__Data__:
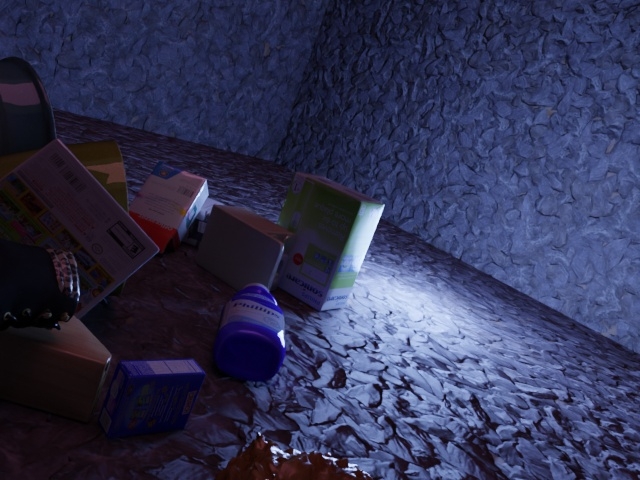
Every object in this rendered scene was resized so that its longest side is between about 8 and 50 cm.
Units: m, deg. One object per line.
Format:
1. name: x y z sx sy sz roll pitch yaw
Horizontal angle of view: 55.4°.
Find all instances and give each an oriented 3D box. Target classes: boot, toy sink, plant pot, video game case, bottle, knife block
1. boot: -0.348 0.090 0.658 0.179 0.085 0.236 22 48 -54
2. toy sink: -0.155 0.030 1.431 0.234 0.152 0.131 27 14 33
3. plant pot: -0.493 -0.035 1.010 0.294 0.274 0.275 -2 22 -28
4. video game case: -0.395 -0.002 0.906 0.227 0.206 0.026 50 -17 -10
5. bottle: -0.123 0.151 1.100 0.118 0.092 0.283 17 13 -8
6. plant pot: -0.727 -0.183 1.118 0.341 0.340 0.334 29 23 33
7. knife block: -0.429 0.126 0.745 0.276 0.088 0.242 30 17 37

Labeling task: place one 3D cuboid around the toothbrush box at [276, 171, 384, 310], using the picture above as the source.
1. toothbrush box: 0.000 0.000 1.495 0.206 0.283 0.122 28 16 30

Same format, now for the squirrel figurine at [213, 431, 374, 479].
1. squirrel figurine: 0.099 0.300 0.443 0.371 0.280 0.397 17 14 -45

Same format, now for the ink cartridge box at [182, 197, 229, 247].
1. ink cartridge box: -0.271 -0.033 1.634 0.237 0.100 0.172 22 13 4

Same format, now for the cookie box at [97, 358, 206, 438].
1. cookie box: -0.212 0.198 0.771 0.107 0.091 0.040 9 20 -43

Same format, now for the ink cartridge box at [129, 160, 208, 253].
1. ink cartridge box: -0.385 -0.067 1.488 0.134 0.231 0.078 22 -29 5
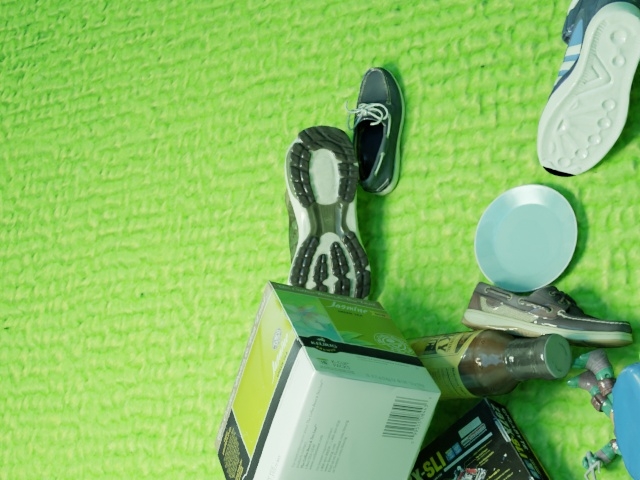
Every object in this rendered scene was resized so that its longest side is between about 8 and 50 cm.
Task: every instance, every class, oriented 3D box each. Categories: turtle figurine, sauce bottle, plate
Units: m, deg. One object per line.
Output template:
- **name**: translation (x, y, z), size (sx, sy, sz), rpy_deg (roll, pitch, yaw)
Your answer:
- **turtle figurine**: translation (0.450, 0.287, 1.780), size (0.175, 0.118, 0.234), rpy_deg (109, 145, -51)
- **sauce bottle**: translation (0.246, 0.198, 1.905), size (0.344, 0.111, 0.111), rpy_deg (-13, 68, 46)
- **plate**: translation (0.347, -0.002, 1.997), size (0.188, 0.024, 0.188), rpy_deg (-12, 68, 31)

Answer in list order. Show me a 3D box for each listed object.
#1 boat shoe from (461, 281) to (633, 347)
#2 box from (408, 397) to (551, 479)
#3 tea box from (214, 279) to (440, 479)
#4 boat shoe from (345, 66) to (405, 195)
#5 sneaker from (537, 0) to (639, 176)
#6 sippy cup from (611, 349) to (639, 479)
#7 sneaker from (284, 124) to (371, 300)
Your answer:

__About this task__:
The expected output is every line from the material above where "pitch" can be found.

__Response area__:
1. name: x y z sx sy sz roll pitch yaw
- **name**: translation (x, y, z), size (sx, sy, sz), rpy_deg (roll, pitch, yaw)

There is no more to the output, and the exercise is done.